Испанский священник был молод, худощав и изящен. Он легко взошел на помост и, заметив Беатрис, почтительно кивнул графине. Следом, пошатываясь, вскарабкался отец Дуг. На последней ступени он запнулся и чуть не загремел вниз. Матросы затаили дыхание, но Волк быстро подскочил и поддержал авторитет местного «Святого». Пираты перевели дух, а тонкое лицо испанского священника тронула ледяная, презрительная улыбка.
В глазах Волка, мрачно темневших из-под тяжелых век, тлел страшноватый фанатичный огонь.
– Братья! – воззвал он. – Сегодня у нас великий день! Мы славно потрудились, защищая нашу святую церковь от еретических собак-католиков, и этим деянием искупили множество грехов!
Капитану ответил одобрительный гул. Он перевел дух и заговорил, все более воодушевляясь:
– Отец наш и владыка небесный смотрит на нас и печалится, ибо вместо поклонения ему, Единому, люди кланяются женщине, презренному сосуду греха и, погрязнув в разврате, забывают свои нечестивые молитвы, как коты на помойке, дабы Отец наш небесный не знал утешения в скорби своей. Воистину, терпение Господа велико и неистощимо, ибо видит он скверну, поглотившую мир, и не обрушит на эту зловонную яму громы и молнии! Не карает недостойных новым потопом, ибо милосерден Господь!

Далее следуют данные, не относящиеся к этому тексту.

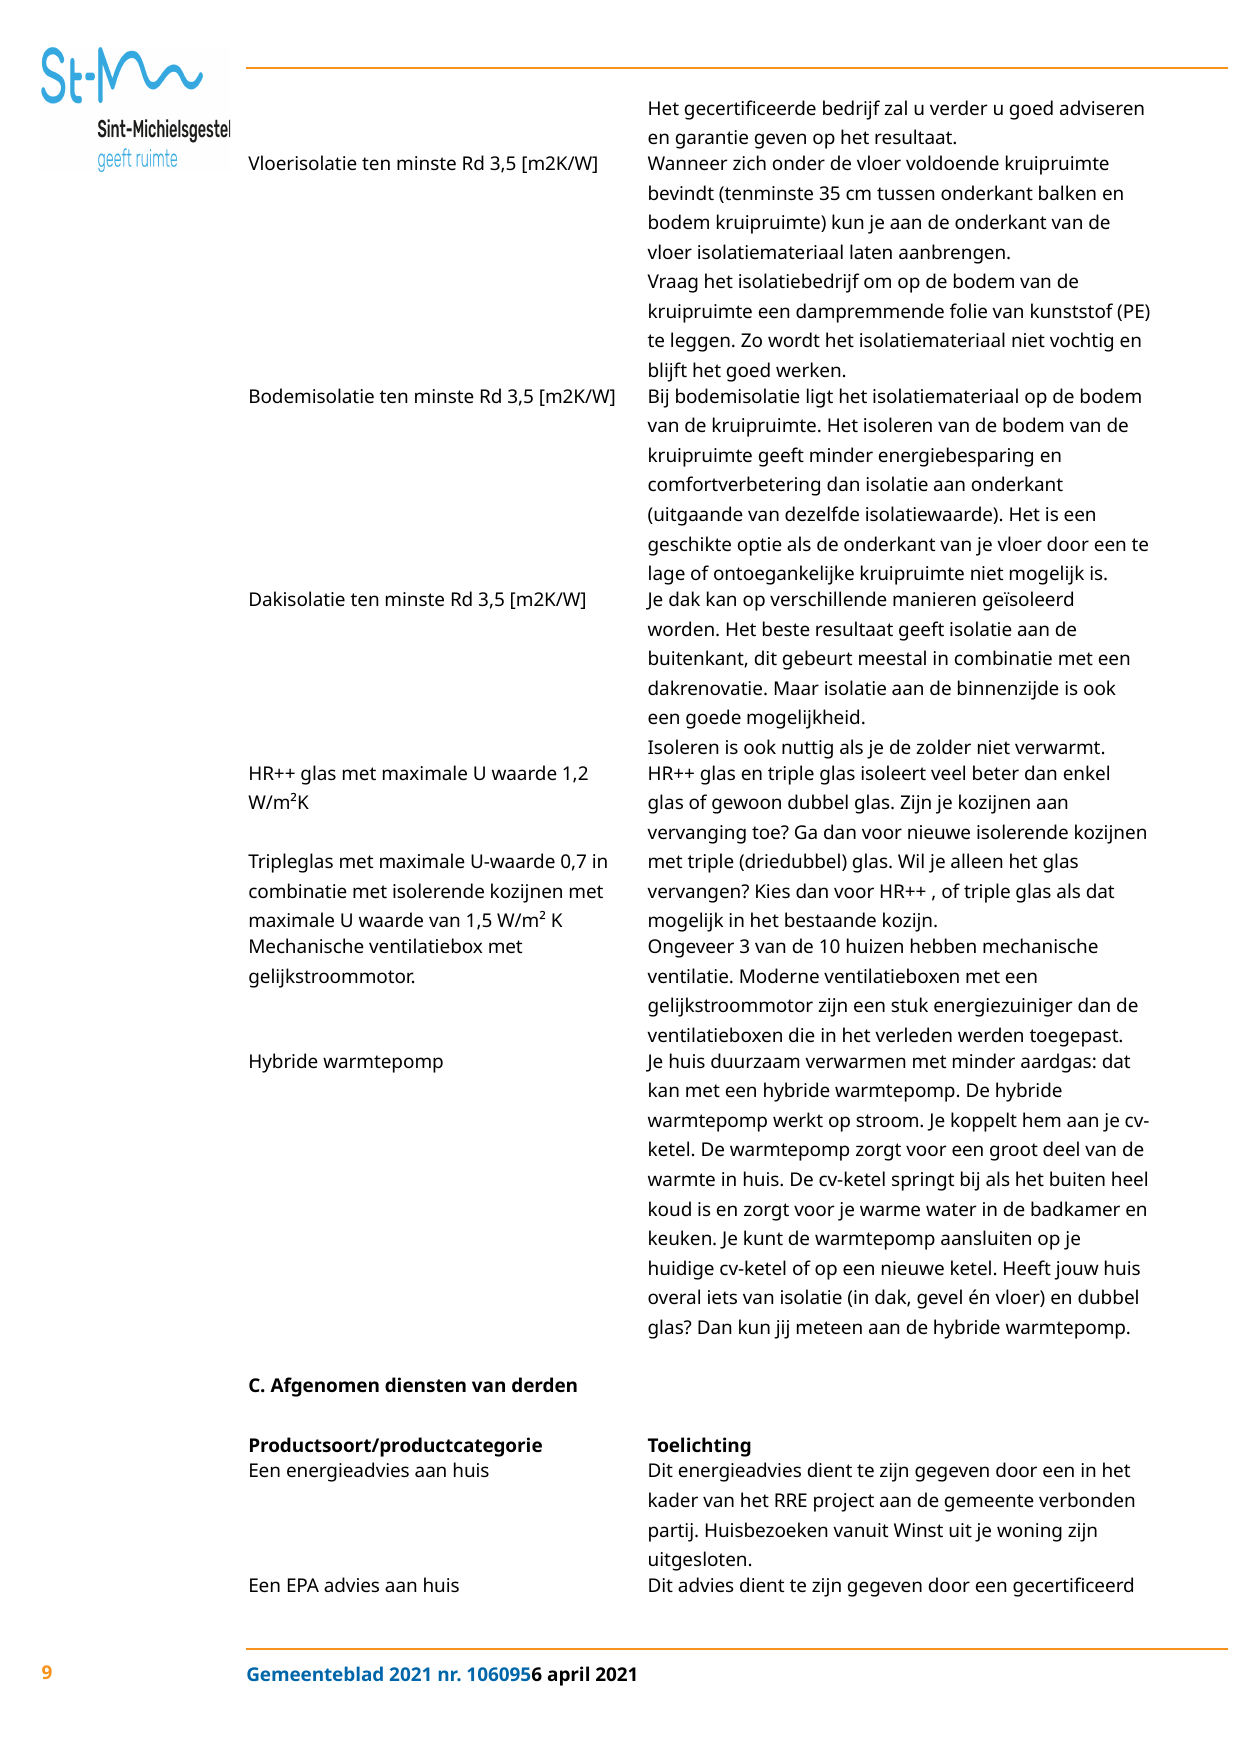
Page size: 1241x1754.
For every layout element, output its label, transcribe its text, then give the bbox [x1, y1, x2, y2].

table_cell HR++ glas met maximale U waarde 1,2 W/m²K Tripleglas met maximale U-waarde 0,7 in combinatie met isolerende kozijnen met maximale U waarde van 1,5 W/m² K [248, 760, 647, 933]
table_cell Hybride warmtepomp [248, 1048, 647, 1340]
table_cell Dit energieadvies dient te zijn gegeven door een in het kader van het RRE project aan de gemeente verbonden partij. Huisbezoeken vanuit Winst uit je woning zijn uitgesloten. [648, 1458, 1152, 1572]
table_cell Vloerisolatie ten minste Rd 3,5 [m2K/W] [248, 150, 647, 383]
table_cell Wanneer zich onder de vloer voldoende kruipruimte bevindt (tenminste 35 cm tussen onderkant balken en bodem kruipruimte) kun je aan de onderkant van de vloer isolatiemateriaal laten aanbrengen. Vraag het isolatiebedrijf om op de bodem van de kruipruimte een dampremmende folie van kunststof (PE) te leggen. Zo wordt het isolatiemateriaal niet vochtig en blijft het goed werken. [648, 150, 1152, 383]
picture [41, 47, 231, 172]
table_cell Dakisolatie ten minste Rd 3,5 [m2K/W] [248, 586, 647, 760]
table_cell Het gecertificeerde bedrijf zal u verder u goed adviseren en garantie geven op het resultaat. [648, 95, 1152, 150]
text C. Afgenomen diensten van derden [248, 1373, 1152, 1398]
table_cell Je dak kan op verschillende manieren geïsoleerd worden. Het beste resultaat geeft isolatie aan de buitenkant, dit gebeurt meestal in combinatie met een dakrenovatie. Maar isolatie aan de binnenzijde is ook een goede mogelijkheid. Isoleren is ook nuttig als je de zolder niet verwarmt. [648, 586, 1152, 760]
table_header Productsoort/productcategorie [248, 1432, 647, 1458]
table_cell Een energieadvies aan huis [248, 1458, 647, 1572]
table_cell Je huis duurzaam verwarmen met minder aardgas: dat kan met een hybride warmtepomp. De hybride warmtepomp werkt op stroom. Je koppelt hem aan je cv-ketel. De warmtepomp zorgt voor een groot deel van de warmte in huis. De cv-ketel springt bij als het buiten heel koud is en zorgt voor je warme water in de badkamer en keuken. Je kunt de warmtepomp aansluiten op je huidige cv-ketel of op een nieuwe ketel. Heeft jouw huis overal iets van isolatie (in dak, gevel én vloer) en dubbel glas? Dan kun jij meteen aan de hybride warmtepomp. [648, 1048, 1152, 1340]
table_cell [248, 95, 647, 150]
table_header Toelichting [648, 1432, 1152, 1458]
table_cell HR++ glas en triple glas isoleert veel beter dan enkel glas of gewoon dubbel glas. Zijn je kozijnen aan vervanging toe? Ga dan voor nieuwe isolerende kozijnen met triple (driedubbel) glas. Wil je alleen het glas vervangen? Kies dan voor HR++ , of triple glas als dat mogelijk in het bestaande kozijn. [648, 760, 1152, 933]
table_cell Bij bodemisolatie ligt het isolatiemateriaal op de bodem van de kruipruimte. Het isoleren van de bodem van de kruipruimte geeft minder energiebesparing en comfortverbetering dan isolatie aan onderkant (uitgaande van dezelfde isolatiewaarde). Het is een geschikte optie als de onderkant van je vloer door een te lage of ontoegankelijke kruipruimte niet mogelijk is. [648, 383, 1152, 586]
table_cell Ongeveer 3 van de 10 huizen hebben mechanische ventilatie. Moderne ventilatieboxen met een gelijkstroommotor zijn een stuk energiezuiniger dan de ventilatieboxen die in het verleden werden toegepast. [648, 934, 1152, 1048]
table_cell Een EPA advies aan huis [248, 1572, 647, 1598]
table_cell Dit advies dient te zijn gegeven door een gecertificeerd [648, 1572, 1152, 1598]
table_cell Mechanische ventilatiebox met gelijkstroommotor. [248, 934, 647, 1048]
table_cell Bodemisolatie ten minste Rd 3,5 [m2K/W] [248, 383, 647, 586]

В этот раз конец фразы был встречен гробовым молчанием. Береговые братья истово крестились.
– В этот великий день, – загремел с помоста голос проповедника в обвисшей шляпе с целым арсеналом за поясом, – мы собрались, чтобы Господь наш увидел, что не все еще погрязли в ереси. Есть у Него верные сыны. И сегодня мы докажем Ему нашу сыновнюю любовь. Вот здесь, перед вами стоит папист, трижды, семижды проклятый! Он осквернил Святую Веру своими еретическими песнопениями, равно противными и Господу и людям. Что заслуживает этот поганый пес?
– Смерти! – дружно рявкнуло воинство Волка.
– Истинно, братья! – произнес Волк, обводя матросов тяжелым взглядом. – Он заслуживает смерти. Но Святой Отец, который уже семь лет заботится о спасении наших грешных душ, нашел в своем великом сердце искру милосердия даже к этой мерзкой католической собаке.
Толстощекий, грузный человек в рясе с большим трудом пробормотал что-то одобрительное. Отец Дуг уже успел порядком нагрузиться.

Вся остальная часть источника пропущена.